Tarian Sakral Sang Hyang Jaran Pura Dalem Solo, Penolak Wabah dan Penjaga Keharmonisan Alam di Bali

oleh -43 Dilihat
oleh
Tarian Sang Hyang Jaran
Tarian Sang Hyang Jaran

Balisore.com – Bali, dengan kekayaan budaya dan tradisi yang mendalam, memiliki berbagai tarian sakral yang tidak hanya indah tetapi juga penuh makna spiritual. Salah satu tarian yang memiliki tempat khusus dalam tradisi Bali adalah Tarian Sang Hyang Jaran. Tarian ini tidak hanya berfungsi sebagai bentuk seni, tetapi juga sebagai ritual yang dipercaya memiliki kekuatan magis untuk menolak wabah penyakit dan menjaga keharmonisan lingkungan. Pada Rabu, 16 November 2016, tarian ini kembali dipentaskan di Pura Dalem Solo, Desa Sedang, Kecamatan Abiansemal, Badung, dalam rangka upacara Nangluk Merana.

Sejarah dan Makna Tarian Sang Hyang Jaran

Tarian Sang Hyang Jaran merupakan bagian dari ritual keagamaan yang bertujuan untuk menolak berbagai macam wabah yang bisa menyerang masyarakat dan lingkungan sekitar. Wabah ini bisa berupa penyakit yang menimpa manusia atau hama yang merusak tanaman. I Gusti Ngurah Ketut Sarga, salah satu tetua di Pura Dalem Solo, menjelaskan bahwa tarian ini biasanya dipentaskan pada sasih kelima (kalima), keenam (kaenam), hingga ketujuh (kapitu), yaitu periode yang dianggap riskan karena kondisi cuaca yang tidak menentu. Pada sasih kaenam, misalnya, curah hujan yang tinggi sering kali menyebabkan munculnya berbagai penyakit seperti demam, pilek, dan demam berdarah.

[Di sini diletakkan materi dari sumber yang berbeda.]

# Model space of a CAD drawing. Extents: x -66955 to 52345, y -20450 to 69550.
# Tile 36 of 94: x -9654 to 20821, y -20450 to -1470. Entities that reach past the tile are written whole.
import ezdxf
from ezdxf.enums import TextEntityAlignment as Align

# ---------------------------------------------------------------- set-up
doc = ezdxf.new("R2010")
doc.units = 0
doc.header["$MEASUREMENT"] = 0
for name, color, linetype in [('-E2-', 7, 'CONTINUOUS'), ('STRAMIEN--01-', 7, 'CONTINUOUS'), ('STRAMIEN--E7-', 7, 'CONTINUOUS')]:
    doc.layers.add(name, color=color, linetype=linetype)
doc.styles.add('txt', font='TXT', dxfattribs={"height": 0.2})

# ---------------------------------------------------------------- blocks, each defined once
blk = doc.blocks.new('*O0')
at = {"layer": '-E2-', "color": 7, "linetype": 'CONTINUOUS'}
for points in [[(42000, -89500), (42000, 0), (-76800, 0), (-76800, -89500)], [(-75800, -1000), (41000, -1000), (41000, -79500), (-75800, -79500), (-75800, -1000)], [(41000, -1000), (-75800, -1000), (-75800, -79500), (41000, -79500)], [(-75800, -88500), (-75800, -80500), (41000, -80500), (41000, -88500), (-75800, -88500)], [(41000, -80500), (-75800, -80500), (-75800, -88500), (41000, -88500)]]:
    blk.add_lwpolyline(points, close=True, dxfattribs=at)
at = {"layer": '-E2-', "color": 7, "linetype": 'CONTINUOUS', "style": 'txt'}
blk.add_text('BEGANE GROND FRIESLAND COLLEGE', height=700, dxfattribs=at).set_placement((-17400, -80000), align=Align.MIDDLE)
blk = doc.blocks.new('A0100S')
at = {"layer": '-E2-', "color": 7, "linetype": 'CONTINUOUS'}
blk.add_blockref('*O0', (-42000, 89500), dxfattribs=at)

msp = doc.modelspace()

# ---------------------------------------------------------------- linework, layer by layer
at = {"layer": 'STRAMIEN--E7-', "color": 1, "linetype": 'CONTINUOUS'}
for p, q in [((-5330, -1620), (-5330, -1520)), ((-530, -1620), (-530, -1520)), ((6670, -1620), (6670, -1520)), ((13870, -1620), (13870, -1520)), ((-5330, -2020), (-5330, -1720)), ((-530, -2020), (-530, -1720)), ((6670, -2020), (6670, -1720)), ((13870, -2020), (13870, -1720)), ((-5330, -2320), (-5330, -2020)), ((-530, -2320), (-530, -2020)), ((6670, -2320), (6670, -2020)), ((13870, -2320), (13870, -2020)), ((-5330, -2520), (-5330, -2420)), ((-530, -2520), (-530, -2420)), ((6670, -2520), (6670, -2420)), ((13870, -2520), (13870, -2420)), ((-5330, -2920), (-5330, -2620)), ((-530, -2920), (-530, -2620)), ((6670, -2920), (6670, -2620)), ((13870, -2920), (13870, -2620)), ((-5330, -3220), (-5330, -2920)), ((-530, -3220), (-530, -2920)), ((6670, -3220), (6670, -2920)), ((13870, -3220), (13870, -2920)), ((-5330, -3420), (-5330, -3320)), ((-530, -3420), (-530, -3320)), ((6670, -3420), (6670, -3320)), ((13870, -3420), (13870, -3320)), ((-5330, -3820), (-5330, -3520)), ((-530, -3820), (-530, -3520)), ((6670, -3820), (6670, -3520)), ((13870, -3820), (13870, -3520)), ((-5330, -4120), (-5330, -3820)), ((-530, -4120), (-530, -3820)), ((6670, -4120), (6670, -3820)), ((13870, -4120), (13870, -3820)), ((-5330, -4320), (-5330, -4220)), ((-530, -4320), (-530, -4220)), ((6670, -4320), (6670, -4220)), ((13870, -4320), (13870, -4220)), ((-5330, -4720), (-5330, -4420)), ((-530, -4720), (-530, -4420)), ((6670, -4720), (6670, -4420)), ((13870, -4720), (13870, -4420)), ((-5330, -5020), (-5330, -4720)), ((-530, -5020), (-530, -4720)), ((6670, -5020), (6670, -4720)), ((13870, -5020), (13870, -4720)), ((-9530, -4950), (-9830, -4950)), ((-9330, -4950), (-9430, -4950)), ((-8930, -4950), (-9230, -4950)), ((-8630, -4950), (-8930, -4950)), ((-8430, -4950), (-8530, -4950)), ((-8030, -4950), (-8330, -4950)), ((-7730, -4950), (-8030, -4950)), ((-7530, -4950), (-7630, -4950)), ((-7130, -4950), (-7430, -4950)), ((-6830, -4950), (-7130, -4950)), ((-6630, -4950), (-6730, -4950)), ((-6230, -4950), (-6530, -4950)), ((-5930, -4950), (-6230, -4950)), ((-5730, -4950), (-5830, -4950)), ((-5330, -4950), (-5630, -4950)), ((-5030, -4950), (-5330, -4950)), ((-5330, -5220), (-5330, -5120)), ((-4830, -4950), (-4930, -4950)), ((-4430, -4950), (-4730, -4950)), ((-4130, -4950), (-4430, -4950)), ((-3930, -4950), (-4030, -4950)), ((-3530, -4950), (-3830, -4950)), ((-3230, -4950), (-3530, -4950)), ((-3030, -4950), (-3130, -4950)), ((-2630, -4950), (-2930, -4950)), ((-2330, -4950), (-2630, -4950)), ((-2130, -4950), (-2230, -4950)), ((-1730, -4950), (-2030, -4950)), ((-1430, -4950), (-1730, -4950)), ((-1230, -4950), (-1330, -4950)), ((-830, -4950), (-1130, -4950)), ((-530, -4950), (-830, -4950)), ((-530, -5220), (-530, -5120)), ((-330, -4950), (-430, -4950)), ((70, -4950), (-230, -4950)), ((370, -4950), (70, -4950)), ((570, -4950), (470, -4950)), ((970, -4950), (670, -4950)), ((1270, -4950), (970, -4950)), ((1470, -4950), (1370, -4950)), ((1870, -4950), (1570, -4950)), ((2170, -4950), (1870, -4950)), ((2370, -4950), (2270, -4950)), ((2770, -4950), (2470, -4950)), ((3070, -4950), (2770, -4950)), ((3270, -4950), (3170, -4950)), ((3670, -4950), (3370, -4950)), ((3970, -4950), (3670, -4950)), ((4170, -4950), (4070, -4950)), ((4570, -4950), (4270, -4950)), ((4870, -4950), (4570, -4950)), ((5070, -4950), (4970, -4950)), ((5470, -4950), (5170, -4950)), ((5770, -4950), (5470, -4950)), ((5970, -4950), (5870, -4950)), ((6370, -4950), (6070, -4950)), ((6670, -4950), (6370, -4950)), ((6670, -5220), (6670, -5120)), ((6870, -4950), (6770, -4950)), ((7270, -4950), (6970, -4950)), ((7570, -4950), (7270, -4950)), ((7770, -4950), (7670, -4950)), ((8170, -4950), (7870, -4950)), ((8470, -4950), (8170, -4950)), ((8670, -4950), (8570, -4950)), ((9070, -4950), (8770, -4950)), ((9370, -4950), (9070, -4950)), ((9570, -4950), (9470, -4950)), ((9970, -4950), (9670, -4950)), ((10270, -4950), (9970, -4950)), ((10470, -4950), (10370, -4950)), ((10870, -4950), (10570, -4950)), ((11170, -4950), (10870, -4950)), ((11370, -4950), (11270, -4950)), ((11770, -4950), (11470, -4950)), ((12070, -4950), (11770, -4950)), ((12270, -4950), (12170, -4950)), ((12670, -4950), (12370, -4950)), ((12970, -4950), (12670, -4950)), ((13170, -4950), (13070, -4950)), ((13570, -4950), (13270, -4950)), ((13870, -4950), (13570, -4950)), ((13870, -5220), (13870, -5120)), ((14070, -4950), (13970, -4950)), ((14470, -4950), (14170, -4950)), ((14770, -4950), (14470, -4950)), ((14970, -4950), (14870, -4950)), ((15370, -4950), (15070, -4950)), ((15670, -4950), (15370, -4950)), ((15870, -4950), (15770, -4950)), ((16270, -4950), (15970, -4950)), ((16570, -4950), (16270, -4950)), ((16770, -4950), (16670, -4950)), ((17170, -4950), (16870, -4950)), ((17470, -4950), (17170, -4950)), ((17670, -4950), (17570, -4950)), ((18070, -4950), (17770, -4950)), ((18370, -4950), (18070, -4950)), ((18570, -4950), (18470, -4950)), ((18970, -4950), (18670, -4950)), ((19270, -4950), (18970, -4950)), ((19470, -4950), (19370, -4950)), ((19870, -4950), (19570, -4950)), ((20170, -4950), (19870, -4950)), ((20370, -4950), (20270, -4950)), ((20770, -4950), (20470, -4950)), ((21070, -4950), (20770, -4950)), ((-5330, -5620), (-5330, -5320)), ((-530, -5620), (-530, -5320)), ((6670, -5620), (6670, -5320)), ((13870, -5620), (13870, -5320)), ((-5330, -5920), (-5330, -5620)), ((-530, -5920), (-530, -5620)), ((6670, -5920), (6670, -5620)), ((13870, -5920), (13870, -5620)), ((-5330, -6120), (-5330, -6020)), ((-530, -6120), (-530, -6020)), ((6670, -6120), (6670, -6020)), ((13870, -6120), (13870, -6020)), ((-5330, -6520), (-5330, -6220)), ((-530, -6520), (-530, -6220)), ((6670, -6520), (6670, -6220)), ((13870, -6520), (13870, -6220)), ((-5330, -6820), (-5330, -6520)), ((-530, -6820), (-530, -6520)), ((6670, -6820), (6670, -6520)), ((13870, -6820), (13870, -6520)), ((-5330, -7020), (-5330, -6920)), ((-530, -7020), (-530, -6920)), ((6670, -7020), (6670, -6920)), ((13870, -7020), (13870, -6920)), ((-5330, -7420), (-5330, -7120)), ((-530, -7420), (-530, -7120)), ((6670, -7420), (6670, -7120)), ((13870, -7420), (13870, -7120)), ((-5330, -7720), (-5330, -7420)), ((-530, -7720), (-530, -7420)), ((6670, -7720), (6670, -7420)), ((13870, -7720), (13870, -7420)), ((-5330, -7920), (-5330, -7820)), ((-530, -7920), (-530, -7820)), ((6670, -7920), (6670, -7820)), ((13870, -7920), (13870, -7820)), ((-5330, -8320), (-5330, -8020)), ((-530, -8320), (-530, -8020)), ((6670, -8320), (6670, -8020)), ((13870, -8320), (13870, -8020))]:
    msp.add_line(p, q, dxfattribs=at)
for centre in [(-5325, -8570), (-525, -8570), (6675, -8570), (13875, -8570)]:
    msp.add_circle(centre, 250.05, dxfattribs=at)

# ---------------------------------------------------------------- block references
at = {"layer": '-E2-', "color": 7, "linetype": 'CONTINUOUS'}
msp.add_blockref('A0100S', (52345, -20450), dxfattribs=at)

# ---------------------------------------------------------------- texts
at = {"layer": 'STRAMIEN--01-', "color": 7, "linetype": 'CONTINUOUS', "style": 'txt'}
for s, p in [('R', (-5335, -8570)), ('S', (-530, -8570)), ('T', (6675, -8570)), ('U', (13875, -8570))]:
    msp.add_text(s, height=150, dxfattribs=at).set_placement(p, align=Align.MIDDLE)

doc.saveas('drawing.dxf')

Di Bali, perubahan cuaca yang ekstrem sering kali dihubungkan dengan fenomena gaib. Oleh karena itu, masyarakat Bali yang sangat religius biasanya mengadakan upacara pacaruan untuk menenangkan alam dan menjaga keseimbangan kosmis. Tarian Sang Hyang Jaran menjadi bagian penting dari upacara tersebut, yang tidak hanya digelar pada waktu tertentu saja, tetapi juga harus bertepatan dengan hari suci seperti Kajeng Kliwon, Purnama, atau Tilem.

Ritual dan Proses Pelaksanaan Tarian

Sebelum tarian Sang Hyang Jaran dipentaskan, warga desa terlebih dahulu melakukan upacara macaru di tempat-tempat suci seperti merajan, rumah, lebuh, dan pura. Mereka kemudian membawa benang tridatu dan nunas tirta (air suci) dari pura. Air suci ini kemudian dipercikkan di rumah dan sawah setelah tarian selesai, sebagai simbol penyucian dan perlindungan dari segala marabahaya.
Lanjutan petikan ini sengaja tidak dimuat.